Alternatively, the preset threshold value ranges from 0.2 to 0.3.

In particular, the relative intensity I of the diffraction peaks of the quartz 100 crystal planes from a large number of known causative shales₁₀₀Relative intensity I of diffraction peak of crystal plane of quartz 101₁₀₁And (4) counting the ratio to determine the range limit value (preset threshold value) of the relative intensity ratio of the diffraction peaks of the crystal faces of the two cause quartz to be 0.2-0.3.

Diffraction intensity I of diffraction peak of 100 crystal planes of quartz₁₀₀And diffraction intensity I of diffraction peak of quartz 101 crystal plane₁₀₁When the ratio of (A) to (B) is less than a preset threshold range, the quartz in the shale sample is clastic quartz; diffraction intensity I of diffraction peak of 100 crystal planes of quartz₁₀₀And diffraction intensity I of diffraction peak of quartz 101 crystal plane₁₀₁When the ratio of (A) to (B) is larger than a preset threshold range, the quartz in the shale sample is biogenetic quartz, and when the diffraction intensity I of a quartz 100 crystal plane diffraction peak is larger than the preset threshold range, the quartz is a biogenetic quartz₁₀₀And diffraction intensity I of diffraction peak of quartz 101 crystal plane₁₀₁The ratio being at a predetermined thresholdWithin the range of values, the quartz in the shale sample is a mixture of clastic and biogenic quartz, with clastic quartz being predominant near 0.2 and biogenic quartz being predominant near 0.3.
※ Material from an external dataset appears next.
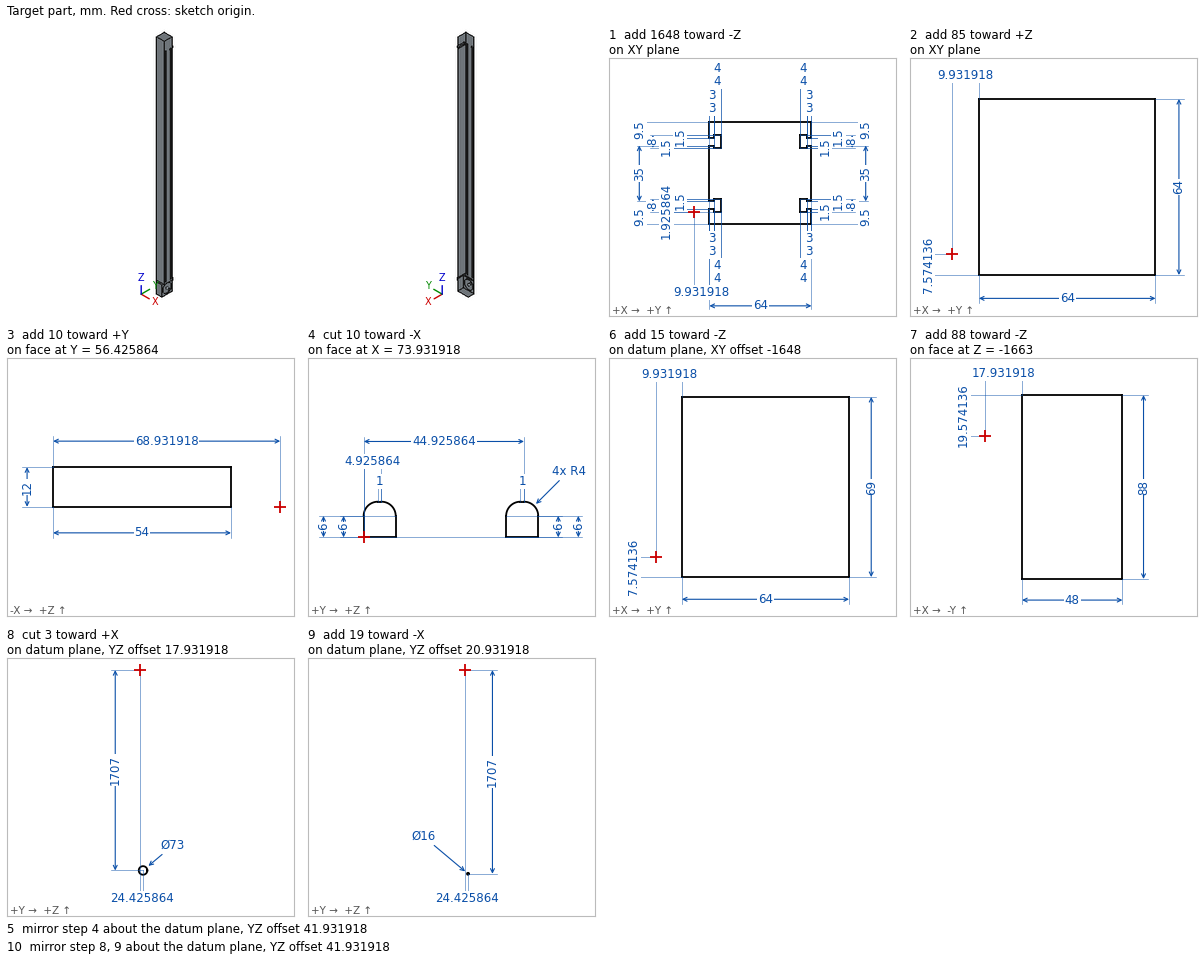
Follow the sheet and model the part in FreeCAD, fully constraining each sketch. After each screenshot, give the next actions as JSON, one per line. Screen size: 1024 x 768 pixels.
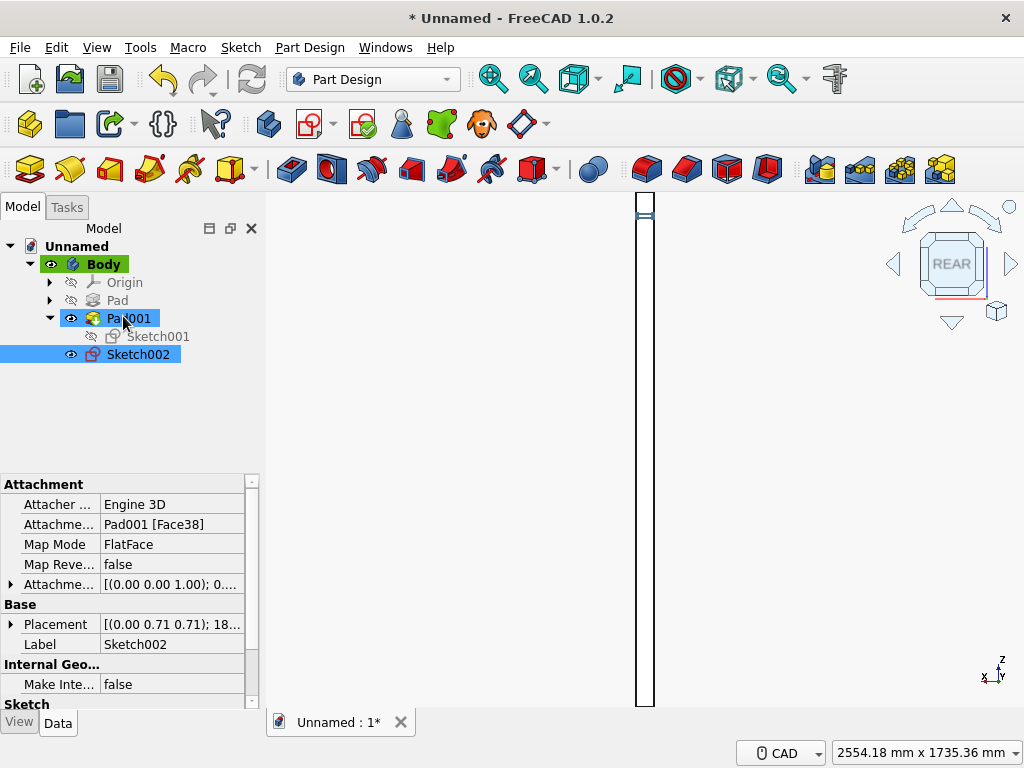
{"action": "left_click", "coordinate": [30, 170]}

For example, when the diffraction intensity I of the diffraction peak of the 100 crystal plane of quartz₁₀₀And diffraction intensity I of diffraction peak of quartz 101 crystal plane₁₀₁When the ratio of (A) is less than the preset threshold range, I₁₀₀/I₁₀₁When the quartz is less than 0.2, the quartz in the shale sample is clastic quartz; diffraction intensity I of diffraction peak of 100 crystal planes of quartz₁₀₀And diffraction intensity I of diffraction peak of quartz 101 crystal plane₁₀₁When the ratio of (A) is greater than a preset threshold range, I₁₀₀/I₁₀₁More than 0.3, the quartz in the shale sample is biogenetic quartz; diffraction intensity I of diffraction peak of 100 crystal planes of quartz₁₀₀And diffraction intensity I of diffraction peak of quartz 101 crystal plane₁₀₁When the ratio of (A) is within a preset threshold range, I₁₀₀/I₁₀₁When the value is 0.23, the quartz in the shale sample is a mixture of biogenic quartz and clastic quartz, and the clastic quartz is mainly used.
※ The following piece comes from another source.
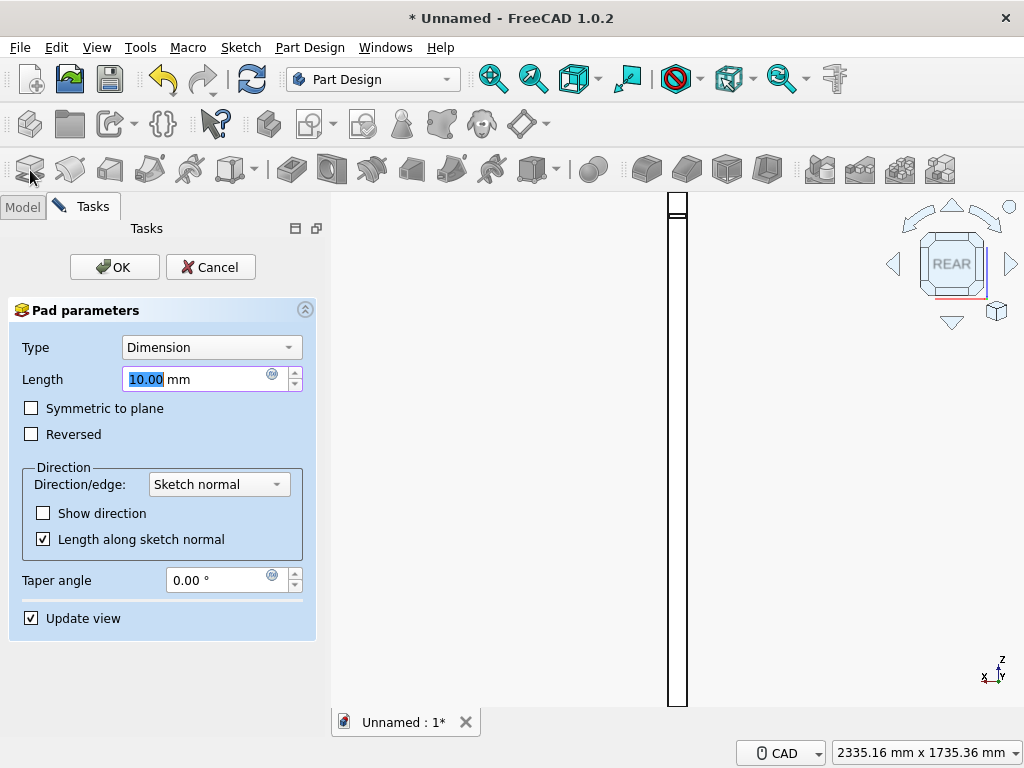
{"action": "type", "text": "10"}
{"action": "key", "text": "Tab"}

The invention also provides a device for rapidly identifying the crumbled quartz and the biogenetic quartz in the shale, which comprises the following components: the diffraction intensity acquisition equipment is used for respectively acquiring the diffraction intensity of a quartz 100 crystal plane diffraction peak and the diffraction intensity of a quartz 101 crystal plane diffraction peak in the shale sample; a processor connected to the diffraction intensity acquisition device, the processor performing the steps of: calculating the ratio of the diffraction intensity of the quartz 100 crystal plane diffraction peak to the diffraction intensity of the quartz 101 crystal plane diffraction peak; comparing the ratio with a preset threshold; and identifying the quartz in the shale sample as scrap quartz or biogenic quartz according to the comparison result.
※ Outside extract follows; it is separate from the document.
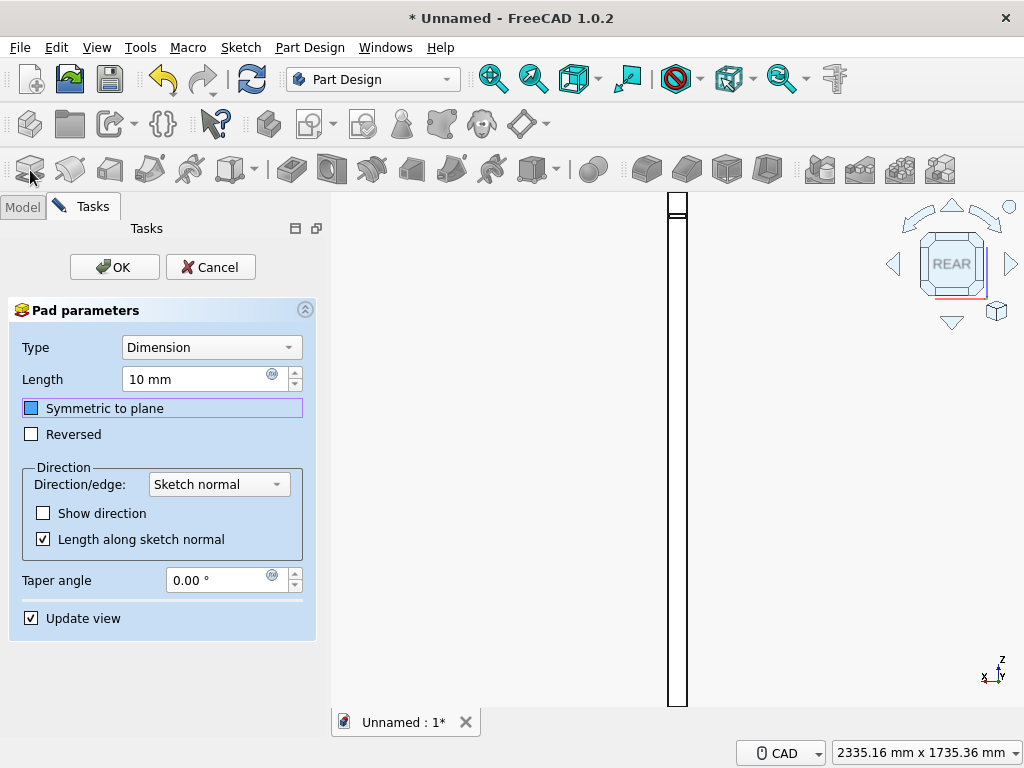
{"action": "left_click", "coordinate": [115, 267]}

Specifically, the crystal plane of quartz 100 in the invention represents the crystal plane of quartz (100) in the field, the crystal plane of quartz 101 represents the crystal plane of quartz (101) in the field, and according to the difference of crystal habits and preferred orientation characteristics of quartz with different causes, powder diffraction analysis is carried out on a shale sample by adopting an X-ray diffraction technology to obtain the diffraction intensity I of the diffraction peak of the crystal plane of quartz 100 in shale₁₀₀And diffraction intensity I of diffraction peak of quartz 101 crystal plane₁₀₁. Recrystallizing quartz due to biological originNo obvious crystal form exists, the degree of self-formation is low, the particles are not easy to have preferred orientation, the relative intensities of diffraction peaks of two crystal faces of the biogenic stone are good with the crystal form, the chipped quartz which is easy to have preferred orientation is different, and then the diffraction intensity I of the diffraction peak of the 100 crystal face of the quartz with a large number of known causes is used₁₀₀And diffraction intensity I of diffraction peak of quartz 101 crystal plane₁₀₁The statistics of the ratio determines the preset threshold value of the relative intensity ratio of the diffraction intensities of the two cause quartz diffraction peaks, and the diffraction intensity I of the 100 crystal plane diffraction peak of the quartz is determined according to the diffraction intensity I of the quartz crystal₁₀₀And diffraction intensity I of diffraction peak of quartz 101 crystal plane₁₀₁And comparing the ratio with a preset threshold value, thereby realizing the effective and rapid identification of the detritus quartz and the biogenesis quartz in the shale.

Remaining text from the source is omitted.